We note that the revenue curve of MIM-GA displaying in Figure 5(b) is the highest of all. Due to the more SFC requests accepted with MIM-GA, the long-term average revenue is naturally higher than the other two algorithms.
Figure 5(c) shows the long-term revenue to cost ratio (i.e. R/C ratio) of service provider. The R/C ratio of MIM-GA algorithm is about 0.1–0.15 lower than that of the greedy and RFAs. Although we have demonstrated that MIM-GA achieves higher acceptance rates and average revenue in the long-term. However, due to the extra computing resources and bandwidth resources occupied by the multiple instances, the cost of MIM-GA is higher than other single instance mapping algorithm. And this indirectly leads to a drop in the R/C ratio curve.
The maximum throughput of parallel VNFs is shown in Figure 5(d). The multiple instances mapping can effectively improve the throughput of the parallel service chain under simulation and effectively solve the bottleneck problem of the parallel VNFs.

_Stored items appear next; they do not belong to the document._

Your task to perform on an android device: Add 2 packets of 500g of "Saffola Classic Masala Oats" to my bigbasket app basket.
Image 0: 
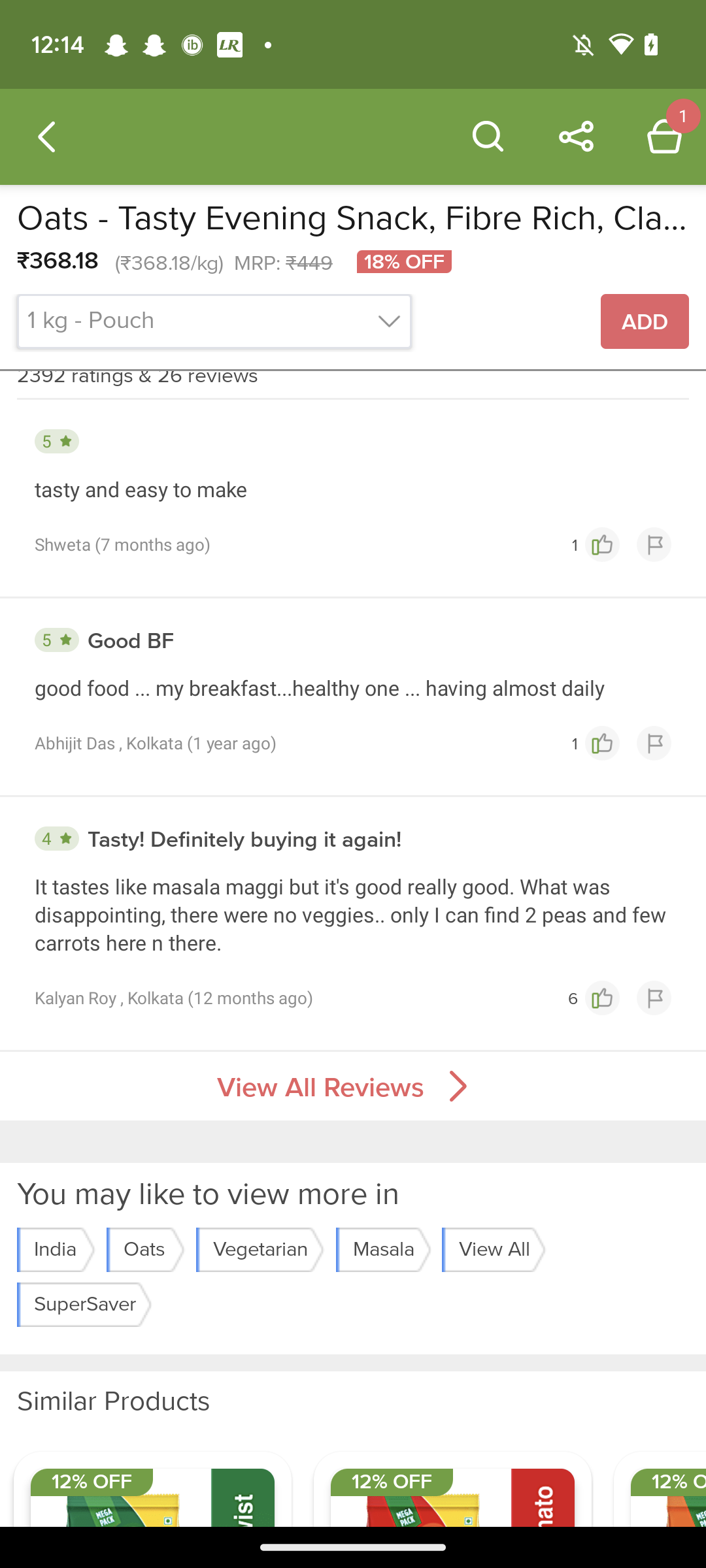
Scroll down.
Step 0: scroll up
Image 1: 
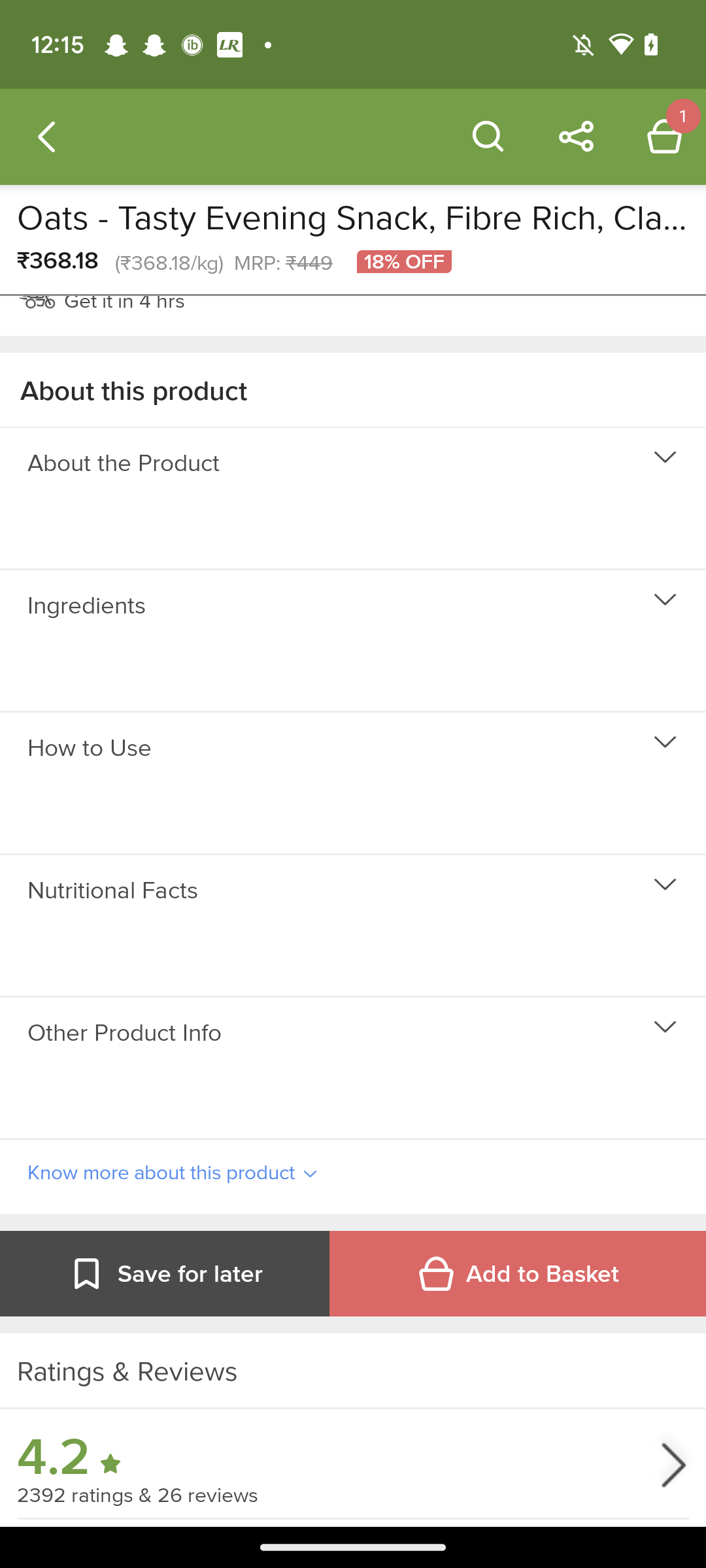
Scroll down.
Step 1: scroll up
Image 2: 
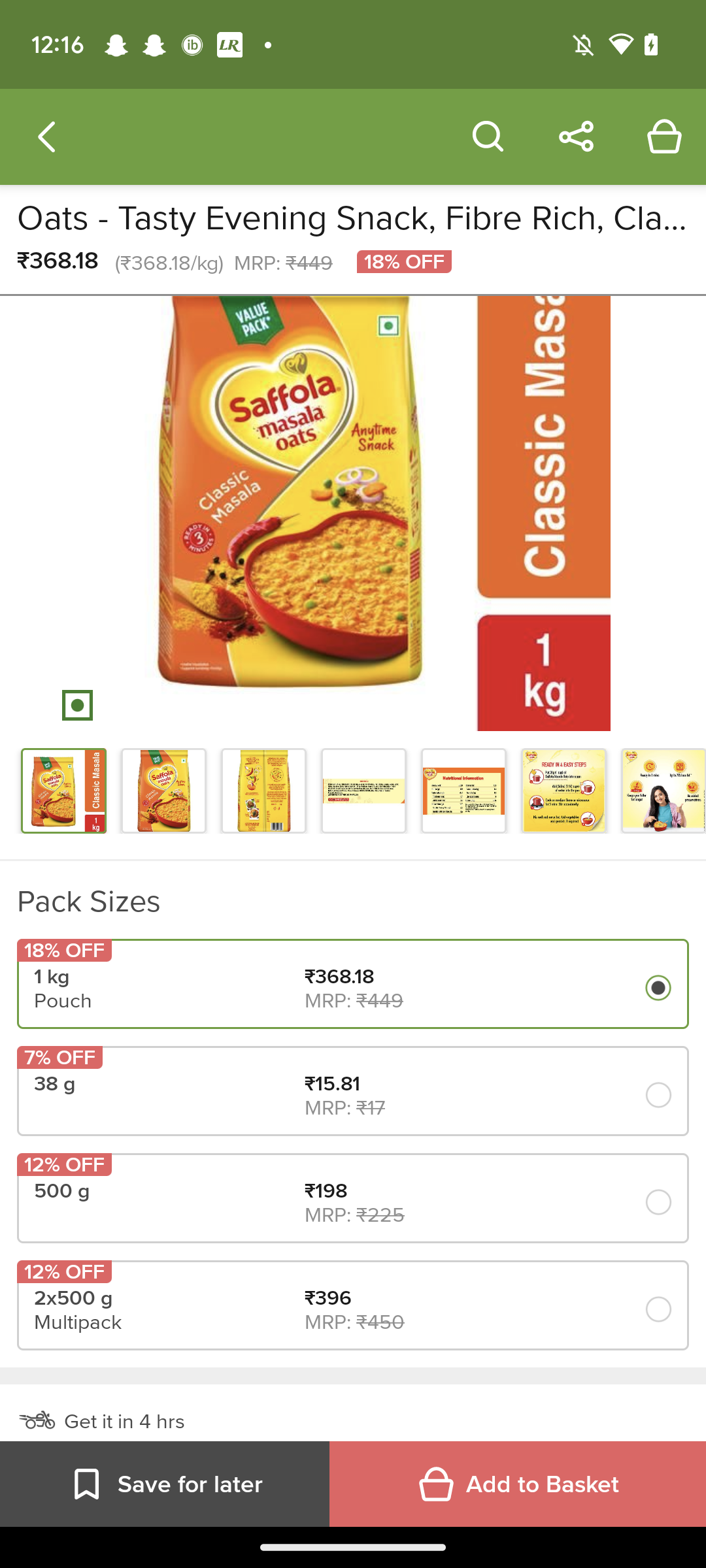
Select the tab "500g".
Step 2: click (560, 1181)
Image 4: 
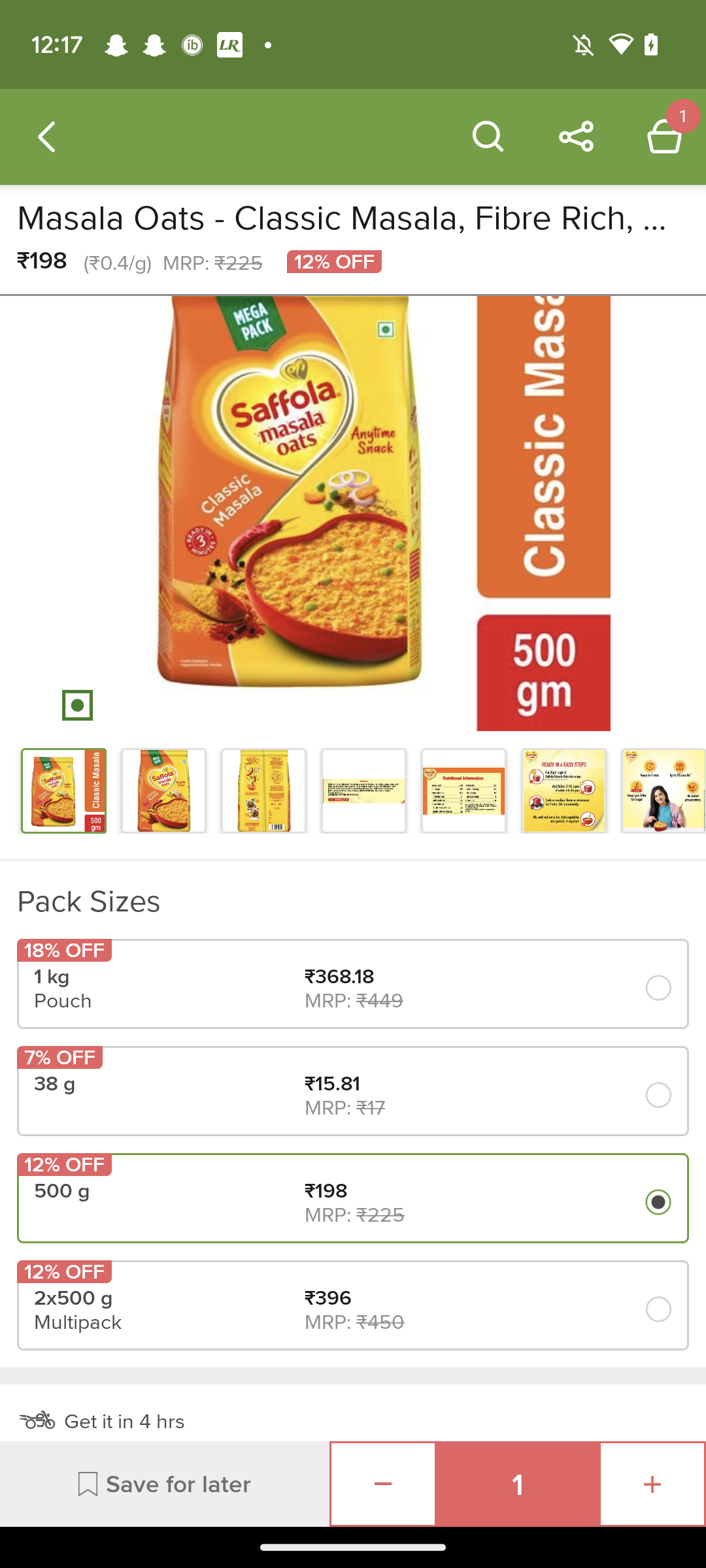
Click on the + button at the bottom right corner of the screen
Step 4: click (652, 1484)

In our proposed queuing theory latency model, the MIM-GA can increase throughput by nearly 30% compared to the single instance mapping.
Conclusion
This paper focuses on the performance bottleneck of SFC with parallel VNFs, and proposes a MIM scheme for parallel VNFs. The queuing theory is introduced to describe the relationship between the amount of VNF instances and the processing latency. Based on this, minimizing the resource cost of SFC mapping and the maximum latency of parallel VNFs are taken as the objective function, and an integer programing model is established. MIM-GA algorithm is proposed to perform MIM scheme. The algorithm is implemented by a two-layer GA. The first layer of MIM-GA optimals the number of parallel VNFs, and the second layer implements the mapping operation under resource constraints. Simulation results show that sacrificing some resources for launching multiple instances of parallel VNFs can effectively break through the performance bottleneck of SFCs with parallel VNFs and reduce the latency.
Footnotes
Declaration of Conflicting Interests
The author(s) declared no potential conflicts of interest with respect to the research, authorship, and/or publication of this article.
Funding
The author(s) received no financial support for the research, authorship, and/or publication of this article.